### Supplied records
┄┄┄┄┄┄

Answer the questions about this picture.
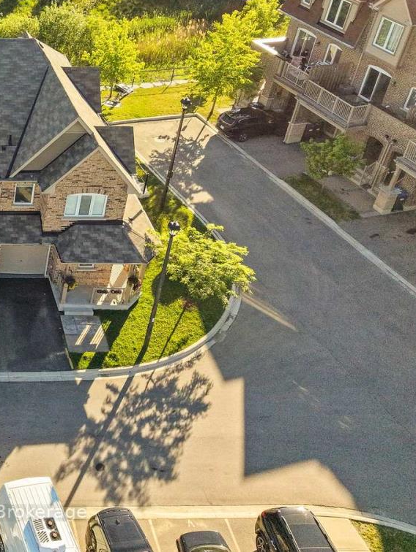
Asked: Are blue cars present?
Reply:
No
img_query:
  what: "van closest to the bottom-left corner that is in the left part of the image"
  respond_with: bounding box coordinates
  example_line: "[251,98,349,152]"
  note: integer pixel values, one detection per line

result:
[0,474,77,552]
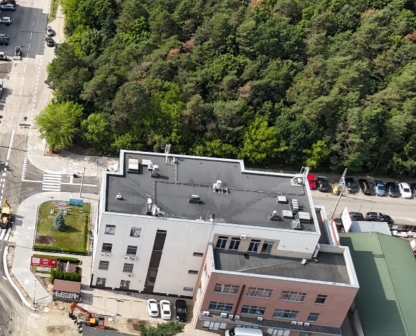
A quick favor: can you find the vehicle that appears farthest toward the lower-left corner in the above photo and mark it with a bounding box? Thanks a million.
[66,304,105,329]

┄┄┄┄┄┄

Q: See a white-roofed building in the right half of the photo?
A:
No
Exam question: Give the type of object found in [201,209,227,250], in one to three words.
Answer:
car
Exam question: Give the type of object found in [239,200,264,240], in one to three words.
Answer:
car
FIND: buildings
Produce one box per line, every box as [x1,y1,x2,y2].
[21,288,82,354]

┄┄┄┄┄┄

### Exercise directions
Nothing except the lines from the one containing "Answer the questions about this picture." through the one containing "note: integer pixel" should appear in the answer, exactly as above and without pictures.

### Solution to the problem
Answer the questions about this picture.
Asked: Are blue cars present?
Reply:
No
img_query:
  what: "van closest to the bottom-left corner that is in the left part of the image"
  respond_with: bounding box coordinates
  example_line: "[251,98,349,152]"
  note: integer pixel values, one detection per line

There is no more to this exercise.